In [9]:
import torch
from datasets import load_dataset
import webbrowser
import os
from transformer_lens import utils, HookedTransformer
from datasets.arrow_dataset import Dataset
from huggingface_hub import hf_hub_download
import time

# Library imports
from sae_vis.utils_fns import get_device
from sae_vis.model_fns import AutoEncoder, AutoEncoderConfig
from sae_vis.data_storing_fns import SaeVisData
from sae_vis.data_config_classes import SaeVisConfig
# from sae_lens.training.sparse_autoencoder import SparseAutoencoder

# Imports for displaying vis in Colab / notebook
import webbrowser
import http.server
import socketserver
import threading
PORT = 8000

device = get_device()
torch.set_grad_enabled(False);

In [42]:
def display_vis_inline(filename: str, height: int = 850):
    '''
    Displays the HTML files in Colab. Uses global `PORT` variable defined in prev cell, so that each
    vis has a unique port without having to define a port within the function.
    '''
    webbrowser.open(filename)

In [5]:
state_dict = torch.load("/Users/joel/Downloads/sae.pth", map_location=torch.device('cpu'))

In [13]:
state_dict["encoder.weight"].shape

torch.Size([512, 64])

In [14]:
state_dict["encoder.bias"].shape

torch.Size([512])

In [15]:
state_dict["decoder.weight"].shape

torch.Size([64, 512])

In [16]:
state_dict["decoder.bias"].shape

torch.Size([64])

In [17]:
new_state_dict = {
    "W_enc": state_dict["encoder.weight"].T,
    "b_enc": state_dict["encoder.bias"],
    "W_dec": state_dict["decoder.weight"].T,
    "b_dec": state_dict["decoder.bias"],
}

In [18]:
d_hidden, d_in = state_dict["encoder.weight"].shape
cfg = AutoEncoderConfig(d_in=d_in, d_hidden=d_hidden)
encoder = AutoEncoder(cfg)
encoder.load_state_dict(new_state_dict)

for k, v in encoder.named_parameters():
    print(f"{k}: {tuple(v.shape)}")

W_enc: (64, 512)
W_dec: (512, 64)
b_enc: (512,)
b_dec: (64,)


In [19]:
model = HookedTransformer.from_pretrained("roneneldan/TinyStories-1M")
model.to(device);



Loaded pretrained model roneneldan/TinyStories-1M into HookedTransformer
Moving model to device:  mps


In [21]:
SEQ_LEN = 128

# Load in the data (it's a Dataset object)
data = load_dataset("roneneldan/TinyStories", split="train")
assert isinstance(data, Dataset)

# Tokenize the data (using a utils function) and shuffle it
tokenized_data = utils.tokenize_and_concatenate(data, model.tokenizer, max_length=SEQ_LEN) # type: ignore
tokenized_data = tokenized_data.shuffle(42)
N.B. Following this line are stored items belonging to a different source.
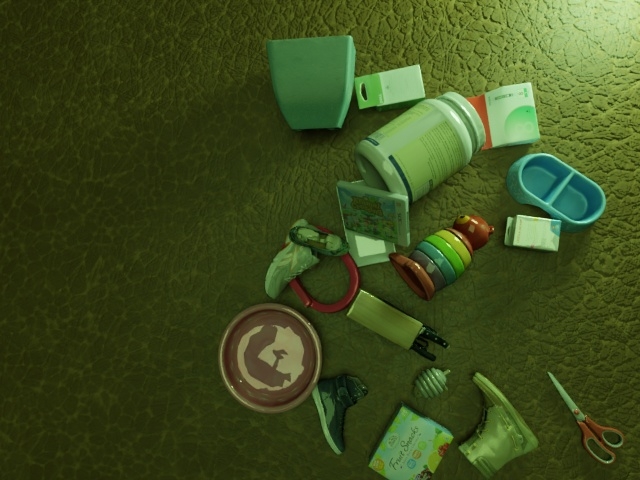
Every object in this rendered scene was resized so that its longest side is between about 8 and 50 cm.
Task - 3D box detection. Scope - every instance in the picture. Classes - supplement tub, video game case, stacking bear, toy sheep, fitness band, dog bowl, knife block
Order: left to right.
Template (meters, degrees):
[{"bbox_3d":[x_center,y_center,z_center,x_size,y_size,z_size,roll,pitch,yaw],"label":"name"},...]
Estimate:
[{"bbox_3d":[-0.001,0.091,1.473,0.209,0.054,0.291,-37,71,4],"label":"fitness band"},{"bbox_3d":[0.155,-0.076,1.364,0.212,0.193,0.023,18,55,27],"label":"video game case"},{"bbox_3d":[0.233,0.253,1.359,0.242,0.275,0.088,29,89,38],"label":"knife block"},{"bbox_3d":[0.288,-0.262,1.377,0.324,0.235,0.235,-34,82,-5],"label":"supplement tub"},{"bbox_3d":[0.333,0.427,1.406,0.132,0.091,0.091,-37,82,0],"label":"toy sheep"},{"bbox_3d":[0.379,0.031,1.398,0.289,0.175,0.164,-38,110,-7],"label":"stacking bear"},{"bbox_3d":[0.708,-0.148,1.407,0.297,0.074,0.166,37,91,9],"label":"dog bowl"}]

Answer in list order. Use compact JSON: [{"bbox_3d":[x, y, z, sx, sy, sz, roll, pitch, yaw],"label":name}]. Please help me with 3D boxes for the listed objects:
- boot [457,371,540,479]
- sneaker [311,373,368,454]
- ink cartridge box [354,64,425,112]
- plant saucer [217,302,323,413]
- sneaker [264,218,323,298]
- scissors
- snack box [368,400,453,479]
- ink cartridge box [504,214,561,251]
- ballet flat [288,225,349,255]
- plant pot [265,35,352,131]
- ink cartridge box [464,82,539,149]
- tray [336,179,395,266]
[{"bbox_3d":[0.479,0.543,1.376,0.203,0.095,0.262,-37,86,4],"label":"boot"},{"bbox_3d":[0.079,0.522,1.429,0.163,0.086,0.226,-19,82,8],"label":"sneaker"},{"bbox_3d":[0.220,-0.478,1.499,0.209,0.062,0.109,-9,84,7],"label":"ink cartridge box"},{"bbox_3d":[-0.151,0.361,1.466,0.332,0.084,0.332,-1,84,11],"label":"plant saucer"},{"bbox_3d":[-0.072,0.068,1.421,0.121,0.099,0.262,26,85,15],"label":"sneaker"},{"bbox_3d":[0.754,0.524,1.375,0.297,0.021,0.109,42,93,7],"label":"scissors"},{"bbox_3d":[0.267,0.622,1.406,0.174,0.070,0.207,30,89,8],"label":"snack box"},{"bbox_3d":[0.622,-0.019,1.399,0.143,0.090,0.092,9,87,9],"label":"ink cartridge box"},{"bbox_3d":[0.000,0.000,1.373,0.188,0.070,0.070,12,87,-9],"label":"ballet flat"},{"bbox_3d":[-0.018,-0.466,1.447,0.247,0.248,0.252,0,102,7],"label":"plant pot"},{"bbox_3d":[0.546,-0.380,1.457,0.224,0.056,0.181,-7,85,5],"label":"ink cartridge box"},{"bbox_3d":[0.145,-0.058,1.494,0.145,0.030,0.270,-11,84,5],"label":"tray"}]
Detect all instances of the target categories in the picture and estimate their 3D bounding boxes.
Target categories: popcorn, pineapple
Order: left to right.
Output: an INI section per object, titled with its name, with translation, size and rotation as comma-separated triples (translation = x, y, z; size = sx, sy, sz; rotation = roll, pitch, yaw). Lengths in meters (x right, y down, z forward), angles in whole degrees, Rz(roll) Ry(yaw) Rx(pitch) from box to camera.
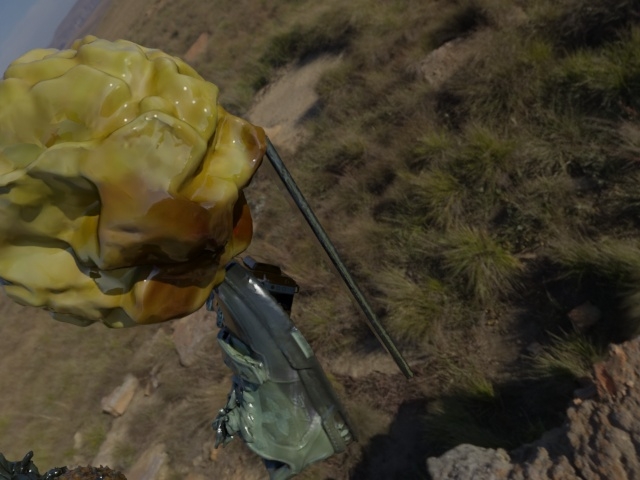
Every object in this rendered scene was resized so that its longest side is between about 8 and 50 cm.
[pineapple]
translation = -0.424, 0.392, 0.739
size = 0.111, 0.237, 0.119
rotation = -44, -39, -72
[popcorn]
translation = -0.204, -0.038, 0.434
size = 0.333, 0.264, 0.225
rotation = -10, 45, 3

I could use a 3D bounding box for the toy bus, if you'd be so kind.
[toy bus]
translation = -0.113, 0.079, 0.754
size = 0.201, 0.098, 0.114
rotation = 21, 98, 67

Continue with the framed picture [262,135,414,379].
[framed picture]
translation = 0.000, 0.000, 0.646
size = 0.016, 0.347, 0.265
rotation = -34, 21, -2

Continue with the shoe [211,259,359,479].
[shoe]
translation = -0.071, 0.171, 0.540
size = 0.149, 0.292, 0.109
rotation = -35, 27, -11
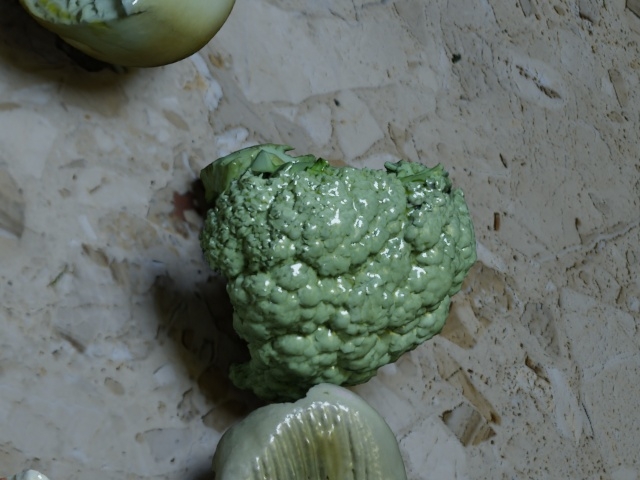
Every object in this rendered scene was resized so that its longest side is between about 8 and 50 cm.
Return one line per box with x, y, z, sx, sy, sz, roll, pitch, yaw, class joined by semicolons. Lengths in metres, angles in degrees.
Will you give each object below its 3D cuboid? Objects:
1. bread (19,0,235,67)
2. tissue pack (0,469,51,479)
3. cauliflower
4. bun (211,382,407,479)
-0.201;-0.296;1.461;0.333;0.160;0.333;46;33;-41;bread
-0.212;0.291;1.302;0.148;0.092;0.196;37;52;-27;tissue pack
0.000;0.000;1.541;0.272;0.275;0.250;-28;61;-28;cauliflower
-0.020;0.213;1.475;0.178;0.128;0.193;-5;96;-20;bun
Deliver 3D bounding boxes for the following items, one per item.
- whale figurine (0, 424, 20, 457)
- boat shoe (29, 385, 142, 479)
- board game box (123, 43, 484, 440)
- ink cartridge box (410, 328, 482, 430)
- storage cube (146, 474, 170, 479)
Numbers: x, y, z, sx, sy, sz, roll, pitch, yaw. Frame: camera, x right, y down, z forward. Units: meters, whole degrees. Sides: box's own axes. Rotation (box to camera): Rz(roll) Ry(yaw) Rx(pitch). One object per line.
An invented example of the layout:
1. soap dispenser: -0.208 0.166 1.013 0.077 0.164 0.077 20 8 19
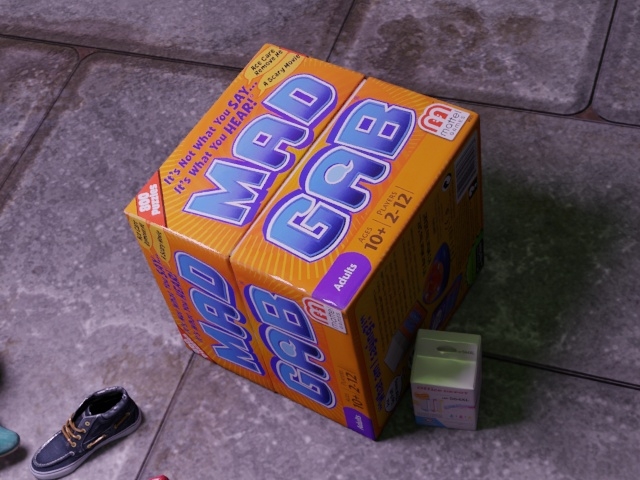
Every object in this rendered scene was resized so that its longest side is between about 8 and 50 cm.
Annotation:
1. whale figurine: -0.572 0.343 1.540 0.216 0.141 0.272 34 64 30
2. boat shoe: -0.359 0.281 1.584 0.183 0.083 0.065 -31 54 -13
3. board game box: 0.000 0.000 1.557 0.356 0.357 0.356 23 60 24
4. ink cartridge box: 0.179 0.194 1.514 0.092 0.143 0.090 4 54 13
5. storage cube: -0.240 0.446 1.363 0.183 0.215 0.193 -20 59 -5
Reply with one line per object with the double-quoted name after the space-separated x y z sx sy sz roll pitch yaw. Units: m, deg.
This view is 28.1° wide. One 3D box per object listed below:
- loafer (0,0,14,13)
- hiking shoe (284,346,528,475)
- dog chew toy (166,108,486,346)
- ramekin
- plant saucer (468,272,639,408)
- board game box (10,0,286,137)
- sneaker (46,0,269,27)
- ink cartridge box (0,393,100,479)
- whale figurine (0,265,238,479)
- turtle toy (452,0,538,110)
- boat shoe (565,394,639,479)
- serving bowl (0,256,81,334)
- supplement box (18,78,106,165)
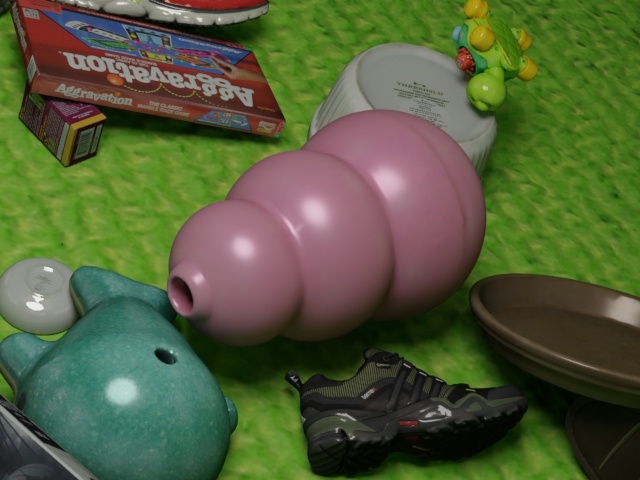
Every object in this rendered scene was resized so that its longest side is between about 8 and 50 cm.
-0.435 -0.276 1.345 0.251 0.094 0.087 -15 60 -33 "loafer"
0.084 0.141 1.178 0.227 0.086 0.114 -3 54 -25 "hiking shoe"
0.000 0.000 1.184 0.332 0.206 0.206 -22 60 -39 "dog chew toy"
0.098 -0.126 1.420 0.207 0.109 0.207 12 45 -13 "ramekin"
0.278 0.099 1.255 0.278 0.041 0.278 11 16 -3 "plant saucer"
-0.182 -0.185 1.368 0.281 0.027 0.145 8 40 -31 "board game box"
-0.185 -0.304 1.437 0.279 0.118 0.107 5 10 -20 "sneaker"
-0.244 0.207 0.908 0.333 0.065 0.165 34 81 20 "ink cartridge box"
-0.157 0.106 1.061 0.216 0.141 0.272 21 34 -20 "whale figurine"
0.184 -0.198 1.396 0.095 0.066 0.130 29 40 -30 "turtle toy"
0.376 0.230 1.216 0.307 0.111 0.104 34 29 10 "boat shoe"
-0.254 0.045 1.166 0.083 0.027 0.083 11 46 -12 "serving bowl"
-0.264 -0.125 1.304 0.043 0.055 0.083 -28 64 -41 "supplement box"
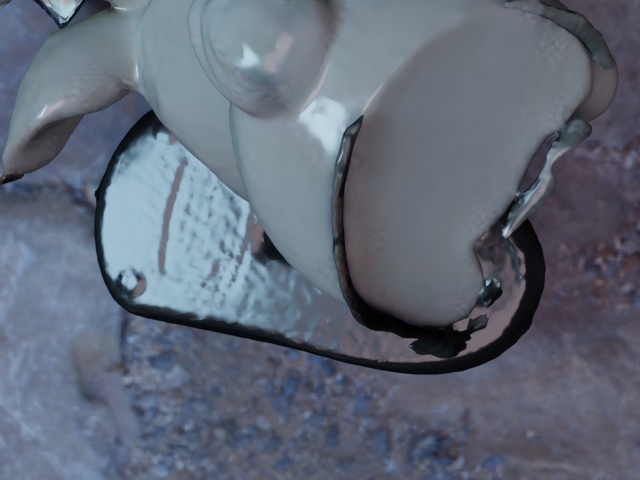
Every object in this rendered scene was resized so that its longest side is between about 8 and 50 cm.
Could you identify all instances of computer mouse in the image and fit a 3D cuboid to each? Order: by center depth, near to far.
[{"bbox_3d":[0.000,0.000,0.966,0.269,0.086,0.138,13,94,7],"label":"computer mouse"}]

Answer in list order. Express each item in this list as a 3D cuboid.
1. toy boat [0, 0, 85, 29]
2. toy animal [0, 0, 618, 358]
[{"bbox_3d":[-0.120,-0.217,0.902,0.084,0.066,0.210,38,104,-14],"label":"toy boat"},{"bbox_3d":[-0.013,-0.084,0.814,0.247,0.310,0.183,-6,117,-33],"label":"toy animal"}]

# Get the tokens as a tensor
all_tokens = tokenized_data["tokens"]
assert isinstance(all_tokens, torch.Tensor)

print(all_tokens.shape)

torch.Size([3714797, 128])


In [23]:
device

device(type='mps')

In [35]:
model.cfg.device

'mps'

In [40]:
encoder.W_enc.device

device(type='mps', index=0)

In [39]:
encoder.to("mps")

AutoEncoder(d_in=64, dict_mult=8)

In [None]:
# Specify the hook point you're using, and the features you're analyzing
sae_vis_config = SaeVisConfig(
    hook_point = "blocks.4.hook_resid_post",
    features = range(64),
    verbose = True,
)

# Gather the feature data
sae_vis_data = SaeVisData.create(
    encoder = encoder,
    # encoder_B = encoder_B,
    model = model,
    tokens = all_tokens[:2048],
    cfg = sae_vis_config,
)

# Save as HTML file & display vis
filename = "_feature_vis_demo.html"
sae_vis_data.save_feature_centric_vis(filename, feature_idx=8)

display_vis_inline(filename)